§ Exercise description:
Would you copy out, exactly as written, each line from the one containing "7. car (1568,638,1683,706)" to the end of the records below?

§ Supplied records:
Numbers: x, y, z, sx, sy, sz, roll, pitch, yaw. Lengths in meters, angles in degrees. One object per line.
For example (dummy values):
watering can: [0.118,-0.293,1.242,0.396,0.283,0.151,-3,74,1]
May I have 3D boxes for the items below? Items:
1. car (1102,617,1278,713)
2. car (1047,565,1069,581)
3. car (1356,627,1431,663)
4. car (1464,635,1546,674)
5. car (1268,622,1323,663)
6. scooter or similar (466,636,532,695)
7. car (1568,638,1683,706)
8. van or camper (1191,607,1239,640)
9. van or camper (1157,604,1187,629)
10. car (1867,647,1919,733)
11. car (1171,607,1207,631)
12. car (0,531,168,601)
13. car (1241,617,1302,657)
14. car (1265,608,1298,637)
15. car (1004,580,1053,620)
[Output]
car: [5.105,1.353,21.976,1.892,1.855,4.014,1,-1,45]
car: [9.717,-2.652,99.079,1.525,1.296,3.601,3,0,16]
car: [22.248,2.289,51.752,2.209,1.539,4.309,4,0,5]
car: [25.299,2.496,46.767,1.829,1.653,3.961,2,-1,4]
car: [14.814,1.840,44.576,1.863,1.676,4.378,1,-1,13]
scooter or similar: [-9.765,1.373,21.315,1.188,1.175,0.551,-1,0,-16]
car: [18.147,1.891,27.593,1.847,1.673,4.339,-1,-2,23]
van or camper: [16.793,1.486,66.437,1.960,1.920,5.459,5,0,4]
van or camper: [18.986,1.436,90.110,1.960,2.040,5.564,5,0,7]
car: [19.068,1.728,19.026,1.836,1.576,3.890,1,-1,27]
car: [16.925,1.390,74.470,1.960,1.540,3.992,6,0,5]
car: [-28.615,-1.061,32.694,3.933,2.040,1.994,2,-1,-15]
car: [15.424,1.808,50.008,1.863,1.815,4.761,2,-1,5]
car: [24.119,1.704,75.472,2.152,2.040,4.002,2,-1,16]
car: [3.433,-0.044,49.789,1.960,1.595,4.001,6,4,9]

§ Response:
7. car (1568,638,1683,706)
8. van or camper (1191,607,1239,640)
9. van or camper (1157,604,1187,629)
10. car (1867,647,1919,733)
11. car (1171,607,1207,631)
12. car (0,531,168,601)
13. car (1241,617,1302,657)
14. car (1265,608,1298,637)
15. car (1004,580,1053,620)
[Output]
car: [5.105,1.353,21.976,1.892,1.855,4.014,1,-1,45]
car: [9.717,-2.652,99.079,1.525,1.296,3.601,3,0,16]
car: [22.248,2.289,51.752,2.209,1.539,4.309,4,0,5]
car: [25.299,2.496,46.767,1.829,1.653,3.961,2,-1,4]
car: [14.814,1.840,44.576,1.863,1.676,4.378,1,-1,13]
scooter or similar: [-9.765,1.373,21.315,1.188,1.175,0.551,-1,0,-16]
car: [18.147,1.891,27.593,1.847,1.673,4.339,-1,-2,23]
van or camper: [16.793,1.486,66.437,1.960,1.920,5.459,5,0,4]
van or camper: [18.986,1.436,90.110,1.960,2.040,5.564,5,0,7]
car: [19.068,1.728,19.026,1.836,1.576,3.890,1,-1,27]
car: [16.925,1.390,74.470,1.960,1.540,3.992,6,0,5]
car: [-28.615,-1.061,32.694,3.933,2.040,1.994,2,-1,-15]
car: [15.424,1.808,50.008,1.863,1.815,4.761,2,-1,5]
car: [24.119,1.704,75.472,2.152,2.040,4.002,2,-1,16]
car: [3.433,-0.044,49.789,1.960,1.595,4.001,6,4,9]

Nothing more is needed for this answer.